How many hours are startup team members working on average? - glord

40, 60, 80, 100+
======
dzink
Every waking minute and then some (slept 2 hrs per night several days this
week). The trick is getting "high-impact" hours in. That's a scrappy basic
solution that solves a time-consumic problem. The witty action that draws in a
bunch of new users. The half-lucky-half-prepared encounter with the right
person who can help with something. I try to find those "amplified" hours and
celebrate on the inside every time I can get a normal week's worth of work in
a day. It feels like you're cheating death.

The rest of the time I am fitting in the full-time days of 3 people in one 24
hour period. One is a student and two are tech and business founders of a
startup that just took off with customers (trying to keep up the 10% growth
daily while raising engagement rates).

------
liamgooding
I don't do more than a 40 hour week... there's no point in overworking,
becoming emotionally strained, physically weak, risking depression, taking
time away from socialising (networking), reading for pleasure (which rewires
my creative processes)

Honestly, the amount of times I see entrepreneurs flaunting a badge of honour
that they work 5am to 11pm, and then they wonder why they're fat, have spotty
skin, no girl to warm their bed and only 6 friends to call on when times get
bad... Working in a startup takes SO MUCH MORE soft skills and attributes that
come from being out there living in the world.

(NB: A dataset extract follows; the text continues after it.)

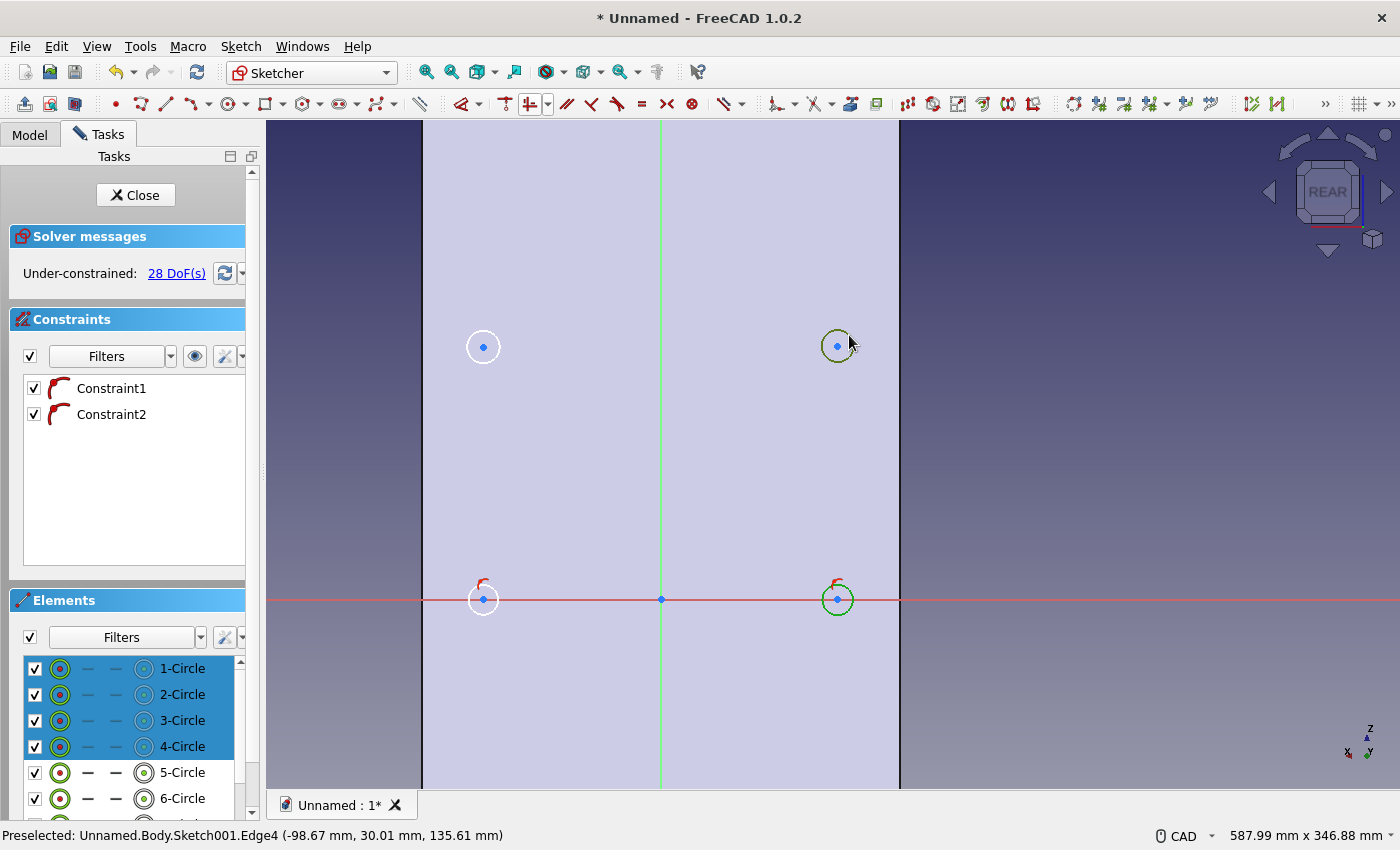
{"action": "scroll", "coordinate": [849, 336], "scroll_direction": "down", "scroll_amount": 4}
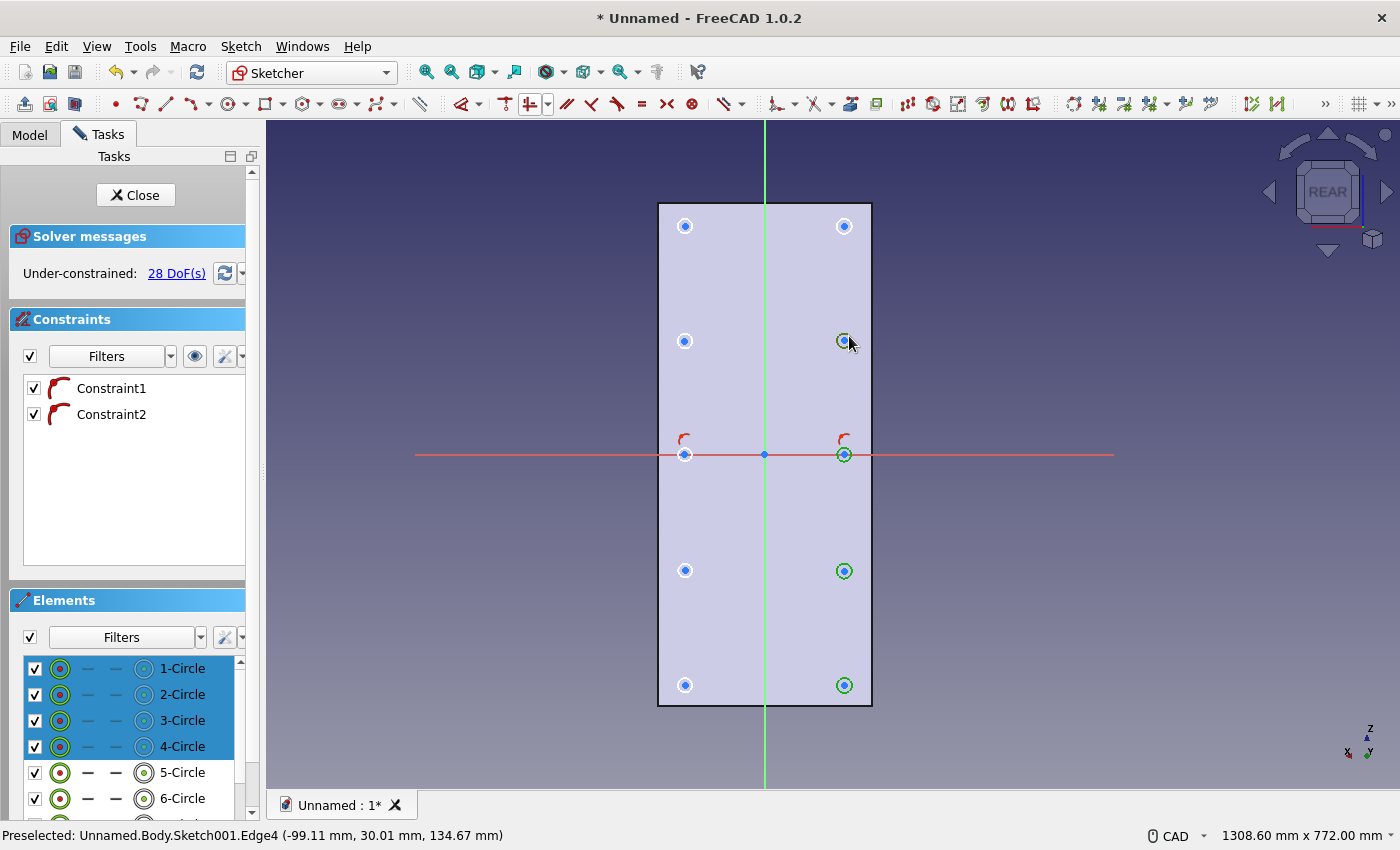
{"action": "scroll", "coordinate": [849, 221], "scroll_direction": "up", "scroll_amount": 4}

If you're never in the world, how are you going to fix any of it's problems?

------
efremjw
the guys who care are probably working nonstop...anyone with skin in the game
(meaningful equity) will work their asses off. but this doesn't translate
cleanly into hours worked. i also somewhat harshly believe that lazy founders
should forfeit the equity and quit altogether. tech guys focus in spurts and
work whenever they want (as they should!); and if they know what they're
doing, they also properly manage the risk of burn out. so a tech guy who's
hustling will prob code for ~40 hours but also do a ton of background research
and toying around throughout the week to make his product better. non-tech
guys consider networking work, so the number of hours doesn't mean much.
working that biz dev relationship from 10pm-2am doesn't count! i've certainly
seen teams come together and work insane hours to meet a deadline, or fix
problems...but unless you want to see tons of mistakes, this type of schedule
is hardly sustainable. as a rule: in a normal environment, balance is crucial.

------
qhoc
1 million hours or 5min. Depending on the timeframe to average to.